Know all by these presents, that the undersigned hereby constitutes and appoints
Peter Hovenier, Efren Medina, Kurt Oreshack and Noah Belsky, with full power of
substitution, as the undersigned's true and lawful attorneys-in-fact to:
1. Prepare, execute in the undersigned's name and on the undersigned's behalf,
and submit to the U.S. Securities and Exchange Commission (the "SEC") a Form
ID, including amendments thereto, and any other documents necessary or
appropriate to obtain codes and passwords enabling the undersigned to make
electronic filings with the SEC of reports required by Section 16(a) of the
Securities Exchange Act of 1934 or any rule or regulation of the SEC;
2. Execute for and on behalf of the undersigned, in the undersigned's capacity
as an officer and/or director of Boingo Wireless, Inc. (the "Company")
and/or 10% holder of the Company's capital stock, Forms 3, 4, and 5 in
accordance with Section 16(a) of the Securities Exchange Act of 1934 and the
rules thereunder;
3. Do and perform any and all acts for and on behalf of the undersigned which
may be necessary or desirable to complete and execute any such Form 3, 4, or 5,
complete and execute any amendment or amendments thereto, and timely file such
form with the SEC and any stock exchange or similar authority; and
4. Take any other action of any type whatsoever in connection with the
foregoing which, in the opinion of such attorneys-in-fact, may be of benefit
to, in the best interest of, or legally required by, the undersigned, it being
understood that the documents executed by such attorneys-in-fact on behalf of
the undersigned pursuant to this Power of Attorney shall be in such form and
shall contain such terms and conditions as such attorneys-in-fact may approve
in such attorneys-in-fact's discretion.

The undersigned hereby grants to each such attorney-in-fact full power and
authority to do and perform any and every act and thing whatsoever requisite,
necessary, or proper to be done in the exercise of any of the rights and powers
herein granted, as fully to all intents and purposes as the undersigned might
or could do if personally present, with full power of substitution or
revocation, hereby ratifying and confirming all that such attorney-in-fact,
or such attorney-in-fact's substitute or substitutes, shall lawfully do or
cause to be done by virtue of this power of attorney and the rights and powers
herein granted.
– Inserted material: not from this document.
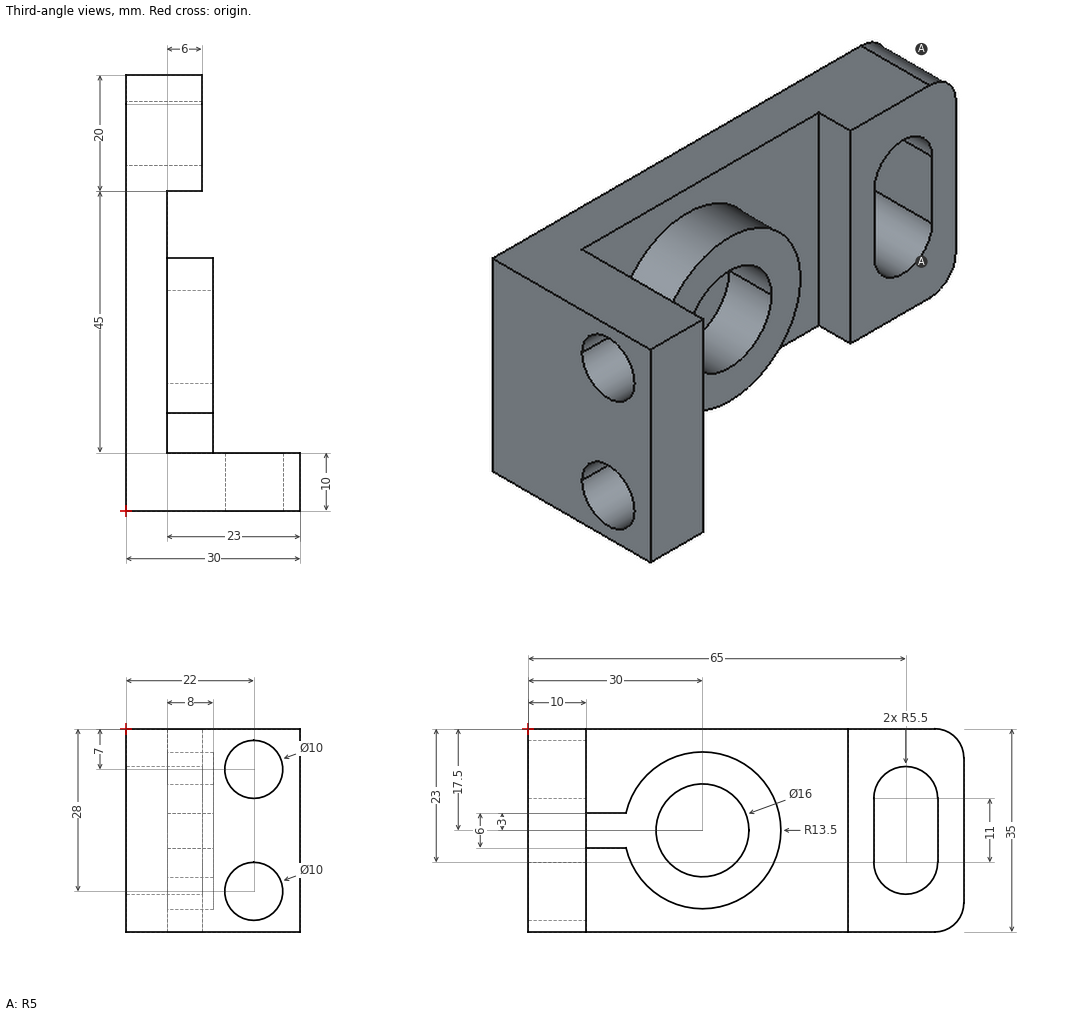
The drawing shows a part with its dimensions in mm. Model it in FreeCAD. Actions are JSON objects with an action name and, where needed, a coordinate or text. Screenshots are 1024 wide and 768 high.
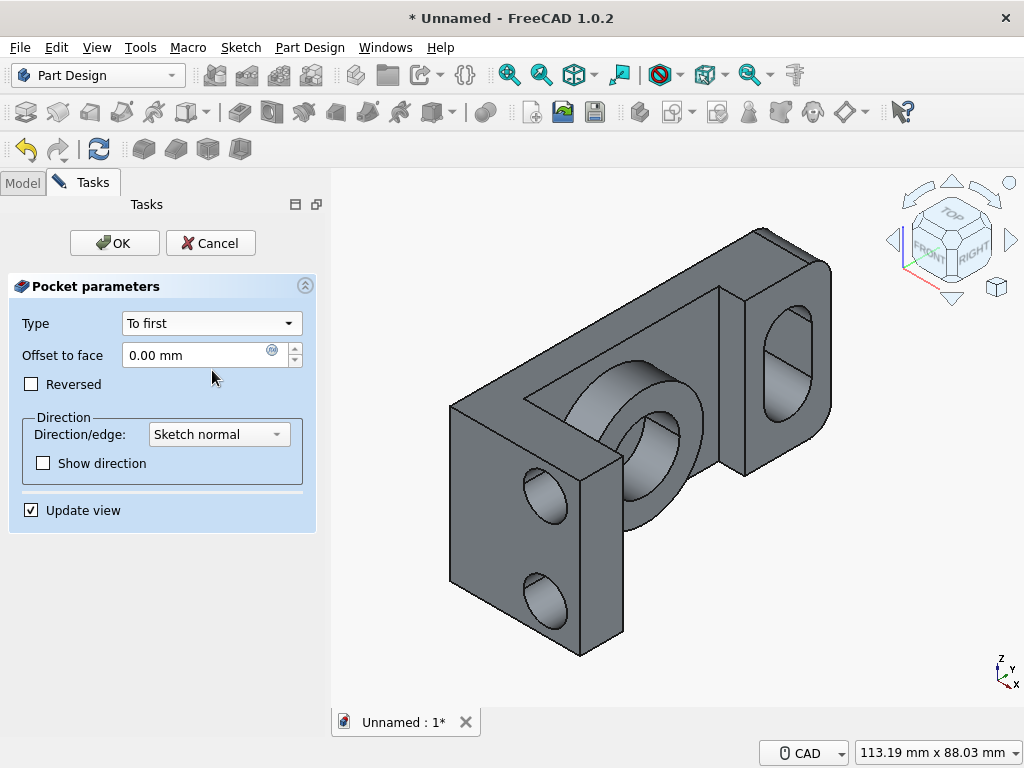
{"action": "left_click", "coordinate": [115, 243]}

The undersigned acknowledges that the foregoing
attorneys-in-fact, in serving in such capacity at the request of the
undersigned, are not assuming, nor is the Company assuming, any of the
undersigned's responsibilities to comply with Section 16 of the Securities
Exchange Act of 1934.

This Power of Attorney shall remain in full force and effect until the
undersigned is no longer required to file Forms 3, 4, and 5 with respect to the
undersigned's holdings of and transactions in securities issued by the Company,
unless earlier revoked by the undersigned in a signed writing delivered to the
foregoing attorneys-in-fact.

IN WITNESS WHEREOF, the undersigned has caused this Power of Attorney to be
executed as of this 22nd day of February, 2013.